Times are tough for many New Yorkers. People are finding it difficult to find jobs that pay enough to cover all their basic living expenses, their medical costs, their student loans and credit card debt. The rising costs of basic essentials -- like gas and food -- doesn't help the matter. In some cases, people are turning to bankruptcy to try and eliminated some of their debts.

While there are many different types of consumer bankruptcy, people often turn to Chapter 7 bankruptcy. In a Chapter 7 bankruptcy, certain assets are sold and the proceeds are used to pay down the person's debt. Any debt that remains following the liquidation of assets is then discharged. However, not all assets are sold during a Chapter 7 bankruptcy, both state and federal law defines certain bankruptcy exemptions. This is property that is exempt from sale and that the debtor can keep even after the proceedings are over. Exemptions ensure that consumers are not left destitute after a bankruptcy.
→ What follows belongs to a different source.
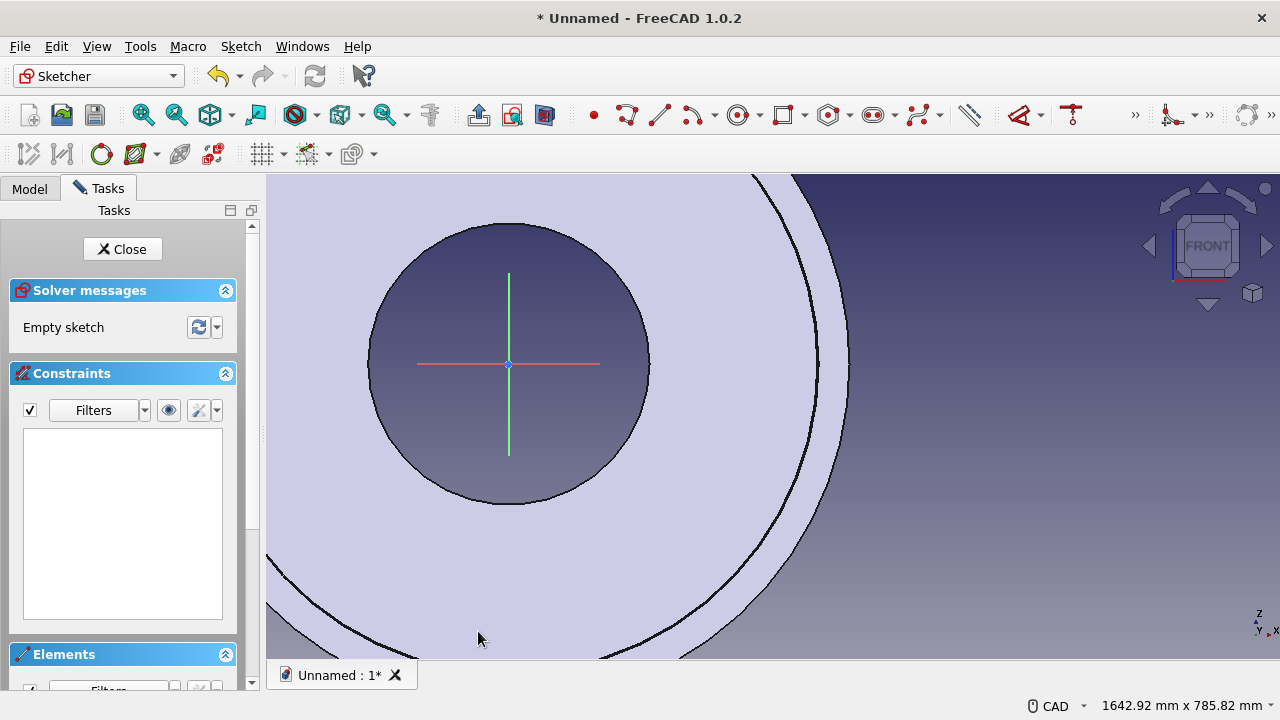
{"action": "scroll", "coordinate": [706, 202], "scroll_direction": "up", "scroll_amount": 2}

Recently, the Supreme Court of the United States heard arguments about a certain bankruptcy exemption. In the case, a woman filed for bankruptcy. However, she inherited an IRA retirement account worth $300,000 from her mother. Under federal bankruptcy laws, retirement savings are exempt property. However, the bankruptcy trustee -- who manages the sale of the assets -- argued that inherited IRAs do not qualify for the exemption.

During the arguments the Supreme Court justices questioned whether it was appropriate for courts to define retirement savings or if the job should be left to Congress. However, those representing the trustee argued that by allowing inherited IRAs to receive exempt status, people could potentially have access to large amounts of money while still getting the benefits of bankruptcy.

A decision by the Supreme Court on the issue is expected in the next few months.

Those considering bankruptcy in New York should understand how exemptions can be used for their benefit. Not only can be get a fresh financial start through bankruptcy, they can keep some of their personal property.